(Problem description)
Pictures stay out of the output. Return exactly the lines below from the one with "Convert chart to" down to the one with "Convert formula to", both included, and nothing more.

(Records shown)
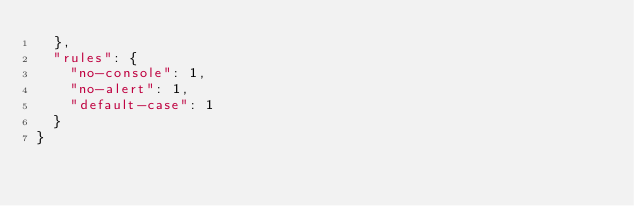Convert code to text. <code><loc_0><loc_0><loc_500><loc_500><_JavaScript_>  },
  "rules": {
    "no-console": 1,
    "no-alert": 1,
    "default-case": 1
  }
}
</code> 
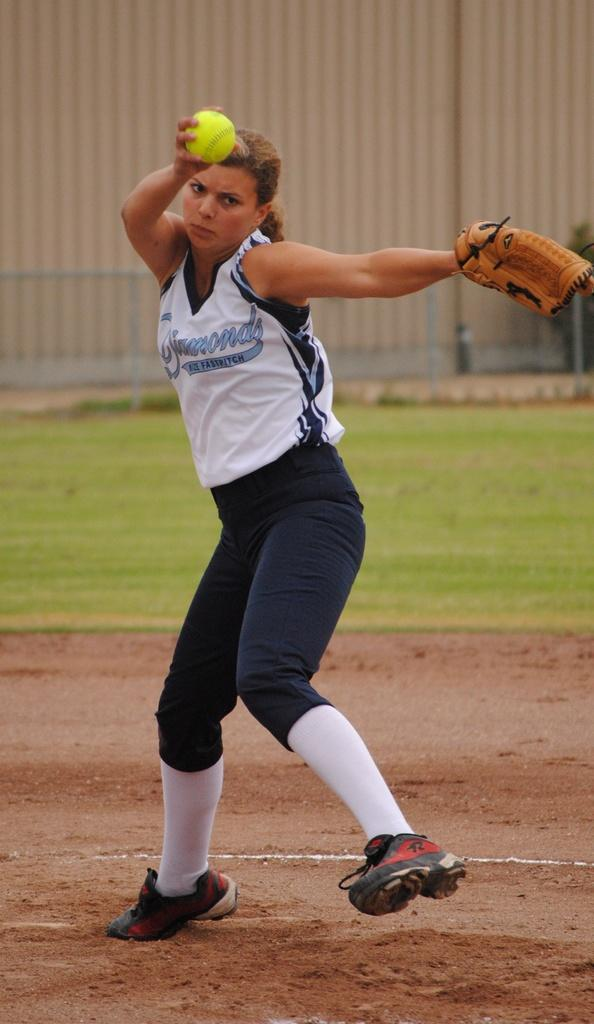Provide a one-sentence caption for the provided image. The pitcher for the Diamonds softball team gets ready to deliver a pitch. 
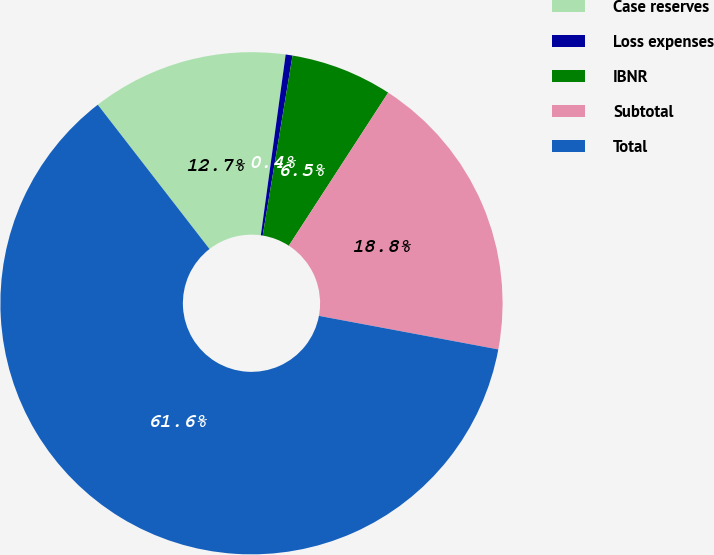Convert chart. <chart><loc_0><loc_0><loc_500><loc_500><pie_chart><fcel>Case reserves<fcel>Loss expenses<fcel>IBNR<fcel>Subtotal<fcel>Total<nl><fcel>12.66%<fcel>0.44%<fcel>6.55%<fcel>18.78%<fcel>61.57%<nl></chart> 
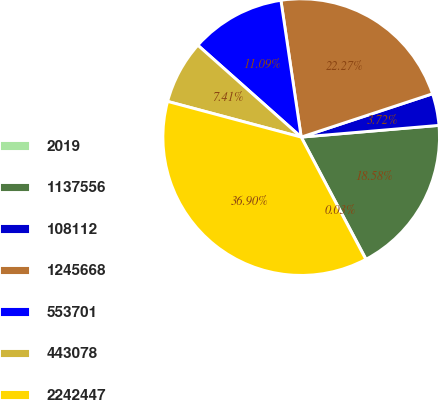Convert chart to OTSL. <chart><loc_0><loc_0><loc_500><loc_500><pie_chart><fcel>2019<fcel>1137556<fcel>108112<fcel>1245668<fcel>553701<fcel>443078<fcel>2242447<nl><fcel>0.03%<fcel>18.58%<fcel>3.72%<fcel>22.27%<fcel>11.09%<fcel>7.41%<fcel>36.9%<nl></chart> 
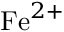Convert formula to latex. <formula><loc_0><loc_0><loc_500><loc_500>F e ^ { 2 + }</formula> 
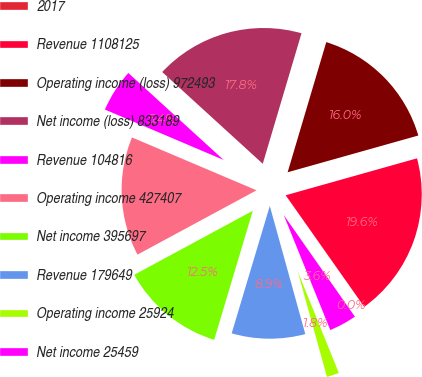Convert chart. <chart><loc_0><loc_0><loc_500><loc_500><pie_chart><fcel>2017<fcel>Revenue 1108125<fcel>Operating income (loss) 972493<fcel>Net income (loss) 833189<fcel>Revenue 104816<fcel>Operating income 427407<fcel>Net income 395697<fcel>Revenue 179649<fcel>Operating income 25924<fcel>Net income 25459<nl><fcel>0.04%<fcel>19.6%<fcel>16.04%<fcel>17.82%<fcel>5.38%<fcel>14.27%<fcel>12.49%<fcel>8.93%<fcel>1.82%<fcel>3.6%<nl></chart> 
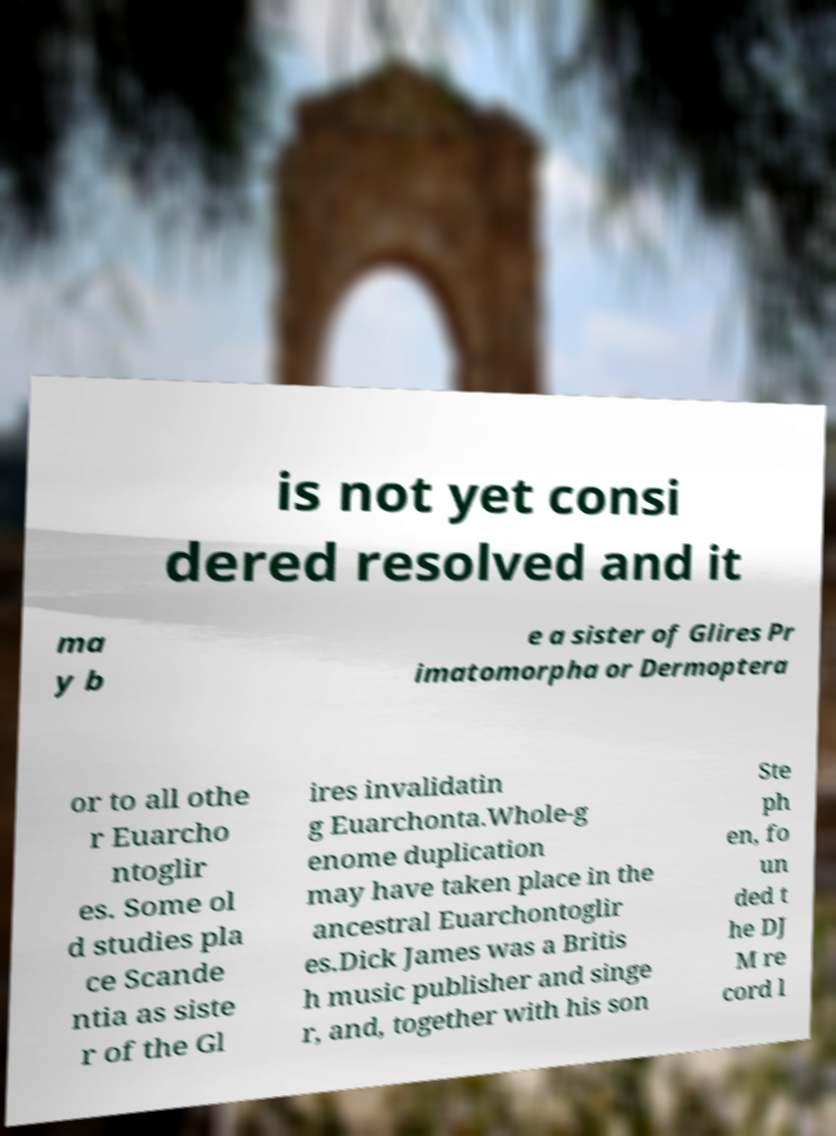Please identify and transcribe the text found in this image. is not yet consi dered resolved and it ma y b e a sister of Glires Pr imatomorpha or Dermoptera or to all othe r Euarcho ntoglir es. Some ol d studies pla ce Scande ntia as siste r of the Gl ires invalidatin g Euarchonta.Whole-g enome duplication may have taken place in the ancestral Euarchontoglir es.Dick James was a Britis h music publisher and singe r, and, together with his son Ste ph en, fo un ded t he DJ M re cord l

(Result of this exercise)
Convert chart to OTSL. <chart><loc_0><loc_0><loc_500><loc_500><pie_chart><fcel>2019<fcel>1137556<fcel>108112<fcel>1245668<fcel>553701<fcel>443078<fcel>2242447<nl><fcel>0.03%<fcel>18.58%<fcel>3.72%<fcel>22.27%<fcel>11.09%<fcel>7.41%<fcel>36.9%<nl></chart> 
Convert formula to latex. <formula><loc_0><loc_0><loc_500><loc_500>F e ^ { 2 + }</formula> 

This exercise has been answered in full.